Prefeitura quer restaurar estátua com placas explicando quem foi Borba Gato
Leonardo Martins
Do UOL, em São Paulo
19/08/2021 04h00
Não é de hoje que a estátua de Borba Gato na zona sul de São Paulo causa polêmica e é alvo de protestos pela sua remoção. O monumento, que traz o bandeirante em pé com uma espingarda nas mãos, já tomou banho de tinta e, recentemente, queimou em chamas ateadas por manifestantes.
O último episódio de ataque à escultura, no mês passado, reacendeu o debate sobre símbolos que exaltam pessoas ligadas à escravidão, à colônia e a outros temas sensíveis para o país e reativou o alerta na Prefeitura de São Paulo de que alguma ação deveria ser tomada para "ressignificar" a obra do escultor brasileiro Julio Guerra e acalmar os ânimos de quem se opõe à existência do monumento.
Por ora, a diretora do Departamento de Patrimônio Histórico, alocado na secretaria de Cultura da cidade de São Paulo, Maria Emília Nascimento, afirma que a pasta não cogita pedir a remoção da estátua, inaugurada em 1963, mas, sim, realizar "intervenções artísticas".
A direção do núcleo diz que quer distribuir placas ao redor do monumento com informações históricas sobre Manuel Borba Gato e dos Bandeirantes. Outros 40 monumentos considerados "sensíveis" — que trazem figuras históricas controversas — também deverão receber placas semelhantes.
A comissão de esculturas vai propor uma análise de ressignificação das obras, para fazermos placas contando a história das estátuas e trazendo as complexidades dos personagens e do período que viveram. No caso do Borba Gato, os Bandeirantes foram importantes, mas mataram e escravizaram índios. A ideia é fazer as placas com fatos históricos, é uma intervenção artística no monumento"
Maria Emília Nascimento, diretora do Departamento de Patrimônio Histórico de São Paulo
Passado o episódio do incêndio à estátua, Nascimento explica que a missão do poder público foi reestruturar a obra, que é um bem público.

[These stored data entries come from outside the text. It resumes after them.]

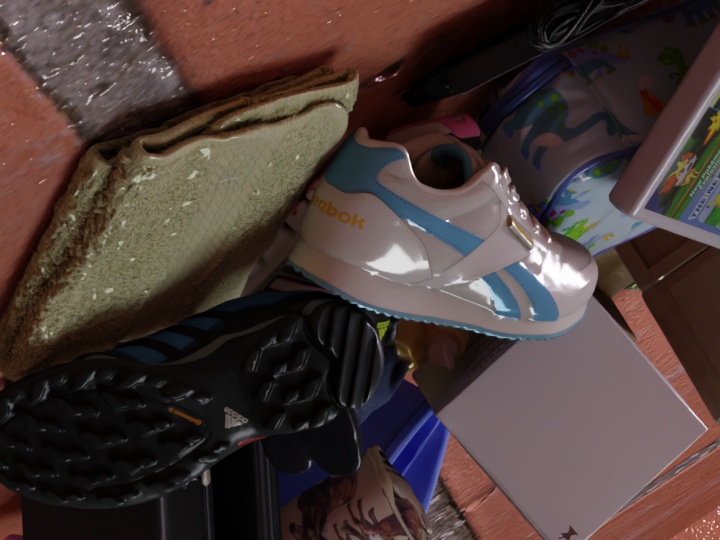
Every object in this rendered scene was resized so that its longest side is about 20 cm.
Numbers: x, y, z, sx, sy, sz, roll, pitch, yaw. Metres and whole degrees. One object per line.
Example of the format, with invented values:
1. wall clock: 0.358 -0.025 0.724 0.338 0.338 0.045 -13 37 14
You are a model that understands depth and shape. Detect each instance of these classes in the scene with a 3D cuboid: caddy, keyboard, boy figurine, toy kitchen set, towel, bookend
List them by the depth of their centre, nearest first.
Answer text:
1. towel: -0.088 -0.018 1.205 0.148 0.037 0.200 -20 160 -36
2. keyboard: 0.113 -0.140 1.268 0.199 0.040 0.104 -29 -173 -21
3. bookend: -0.109 0.162 1.376 0.091 0.200 0.200 -6 168 13
4. boy figurine: 0.011 0.039 1.469 0.124 0.065 0.200 -4 -155 33
5. caddy: -0.013 0.148 1.629 0.201 0.105 0.141 -54 166 -11
6. toy kitchen set: 0.217 0.049 1.696 0.163 0.181 0.200 -35 152 13

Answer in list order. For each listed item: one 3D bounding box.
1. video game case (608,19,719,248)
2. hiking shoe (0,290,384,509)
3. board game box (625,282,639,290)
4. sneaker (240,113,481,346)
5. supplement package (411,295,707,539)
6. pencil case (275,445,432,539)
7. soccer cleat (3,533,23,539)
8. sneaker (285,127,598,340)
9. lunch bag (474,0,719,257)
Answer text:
1. video game case: 0.228 -0.101 1.355 0.182 0.022 0.201 15 111 -56
2. hiking shoe: -0.086 0.060 1.238 0.198 0.075 0.087 -13 -168 -2
3. board game box: 0.231 -0.023 1.849 0.105 0.024 0.200 -41 162 19
4. sneaker: 0.000 0.000 1.337 0.200 0.088 0.074 -41 163 25
5. supplement package: 0.110 0.076 1.492 0.109 0.114 0.200 -42 -175 0
6. pencil case: -0.049 0.186 1.507 0.199 0.078 0.089 -33 142 6
7. soccer cleat: -0.137 0.141 1.562 0.200 0.073 0.069 -41 158 -51
8. sneaker: 0.055 -0.018 1.262 0.199 0.076 0.081 8 107 -49
9. lunch bag: 0.139 -0.068 1.415 0.199 0.083 0.161 -25 160 -31
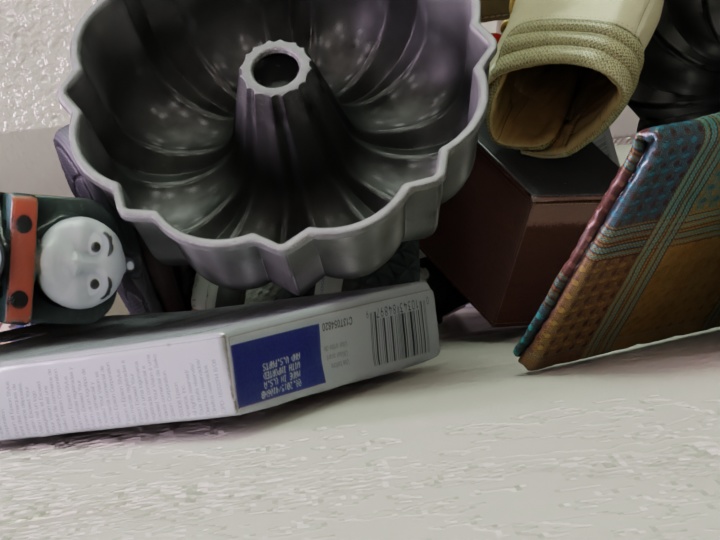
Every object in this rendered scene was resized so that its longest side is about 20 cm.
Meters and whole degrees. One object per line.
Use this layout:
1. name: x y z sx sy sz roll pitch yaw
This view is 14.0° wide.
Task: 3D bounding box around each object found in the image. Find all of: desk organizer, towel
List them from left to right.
1. desk organizer: 0.057 -0.055 1.511 0.072 0.077 0.200 -2 33 -32
2. towel: 0.168 -0.024 1.323 0.200 0.147 0.022 -11 50 -41

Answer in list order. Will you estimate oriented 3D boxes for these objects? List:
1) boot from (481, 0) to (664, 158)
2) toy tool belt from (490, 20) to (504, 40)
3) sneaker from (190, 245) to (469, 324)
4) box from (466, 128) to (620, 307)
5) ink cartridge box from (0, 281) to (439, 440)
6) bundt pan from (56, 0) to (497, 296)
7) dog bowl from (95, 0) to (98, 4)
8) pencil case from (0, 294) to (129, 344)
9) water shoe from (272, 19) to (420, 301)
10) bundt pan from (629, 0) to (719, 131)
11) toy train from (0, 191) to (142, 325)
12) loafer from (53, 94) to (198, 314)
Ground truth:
1. boot: 0.088 -0.126 1.478 0.073 0.156 0.200 41 -32 -27
2. toy tool belt: 0.144 -0.158 1.625 0.123 0.200 0.125 21 26 2
3. sneaker: 0.000 0.000 1.521 0.088 0.076 0.200 11 21 40
4. box: 0.054 -0.040 1.644 0.200 0.117 0.060 0 23 45
5. ink cartridge box: -0.095 0.042 1.319 0.200 0.041 0.200 -5 4 28
6. bundt pan: -0.034 -0.071 1.353 0.202 0.202 0.076 -6 -35 3
7. dog bowl: -0.063 -0.130 1.524 0.074 0.200 0.200 22 14 17
8. pencil case: -0.132 0.001 1.654 0.200 0.078 0.089 -10 -20 -40
9. water shoe: -0.008 -0.054 1.450 0.079 0.200 0.071 -9 -26 45
10. bundt pan: 0.210 -0.089 1.503 0.076 0.202 0.202 -17 9 -33
11. toy train: -0.171 -0.008 1.367 0.114 0.085 0.200 2 0 -17
12. loafer: -0.102 -0.020 1.484 0.063 0.072 0.200 -32 -28 -9
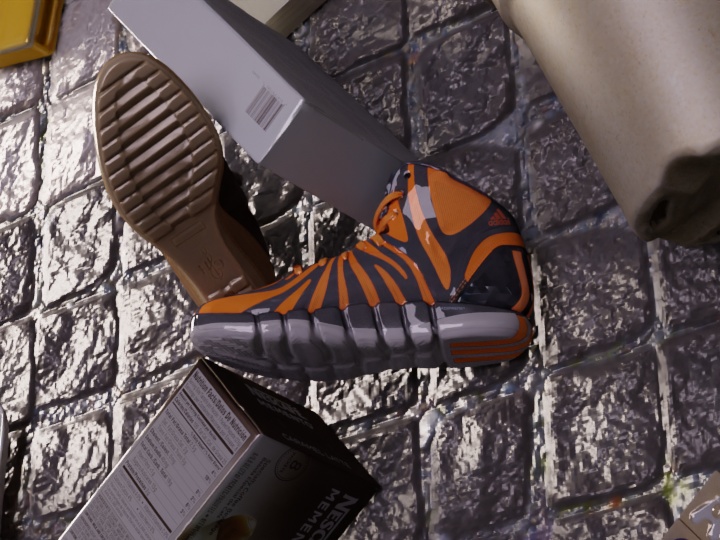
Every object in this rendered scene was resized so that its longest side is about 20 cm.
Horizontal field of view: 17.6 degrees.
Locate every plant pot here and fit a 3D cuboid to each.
[{"bbox_3d":[0.176,-0.122,1.232,0.200,0.200,0.184,-32,64,26],"label":"plant pot"}]

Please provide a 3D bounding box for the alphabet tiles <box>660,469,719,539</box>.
[{"bbox_3d":[0.191,0.222,1.168,0.167,0.008,0.200,-53,46,8],"label":"alphabet tiles"}]

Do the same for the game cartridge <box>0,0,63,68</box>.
[{"bbox_3d":[-0.299,-0.229,1.789,0.199,0.032,0.177,-10,65,41],"label":"game cartridge"}]

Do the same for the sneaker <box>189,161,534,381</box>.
[{"bbox_3d":[0.000,0.000,1.350,0.199,0.078,0.113,-2,69,1],"label":"sneaker"}]

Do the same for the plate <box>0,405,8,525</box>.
[{"bbox_3d":[-0.311,0.207,1.594,0.199,0.032,0.200,-18,59,34],"label":"plate"}]

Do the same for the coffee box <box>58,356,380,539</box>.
[{"bbox_3d":[-0.100,0.165,1.374,0.200,0.114,0.080,-51,47,9],"label":"coffee box"}]

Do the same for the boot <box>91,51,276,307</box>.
[{"bbox_3d":[-0.114,-0.063,1.412,0.072,0.201,0.166,-25,26,0],"label":"boot"}]

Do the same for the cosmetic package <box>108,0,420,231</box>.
[{"bbox_3d":[-0.049,-0.105,1.428,0.052,0.151,0.200,-53,46,10],"label":"cosmetic package"}]

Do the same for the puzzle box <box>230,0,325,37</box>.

"A visão do poder público é que, naquele momento, deveríamos entender o dano que foi feito. É um bem público e devemos resguardá-lo. Mas as intervenções já eram estudadas antes do incêndio, desde o ano passado. Nós sabíamos que era momento de fazer uma atuação educativa na obra", disse a historiadora, em entrevista ao UOL.
A estátua de Borba Gato é motivo de protestos, principalmente, por razões históricas. Ele era um bandeirante, grupo de homens — batizados de "sertanistas" — que desbravaram o interior da América do Sul no século 16 em busca de ouro e outras riquezas minerais.
Mas, para explorar o continente, registros históricos apontam que os bandeirantes escravizaram e mataram centenas de indígenas, além de serem contratados para capturar escravos e destruir quilombos, comunidades onde escravizados negros se reuniam para viver em liberdade após fugirem dos engenhos.
O debate sobre a estátua chegou até a Assembleia Legislativa paulista. Deputados estaduais já protocolaram pedidos de remoção do monumento, mas ainda não há decisão sobre o tema.
No incêndio, segundo Maria Emilia Nascimento, a estátua sofreu danos no revestimento de pedras de algumas partes do corpo do bandeirante, como as pernas, pés e a espingarda, mas não registrou nenhum dano estrutural.
A diretora do departamento afirmou não ter definido um orçamento total dos custos da reformulação da obra. Mas a conta deve ser paga por um empresário, que não teve a identidade revelada, e está conversando com a secretaria de Cultura para custear a reforma da estatua por meio do programa "Adote uma Obra Artística"
"Está em fase de tratativas. Verificando o preço que deverá custar a reforma e os trâmites necessários para fazer a doação pelo programa", disse a diretora.
Borba Gato, inclusive, é um dos temas a serem discutidos na "Semana de Valorização do Patrimônio", que acontece nesta semana, evento organizado pela prefeitura para discutir a "memória e a preservação na cidade".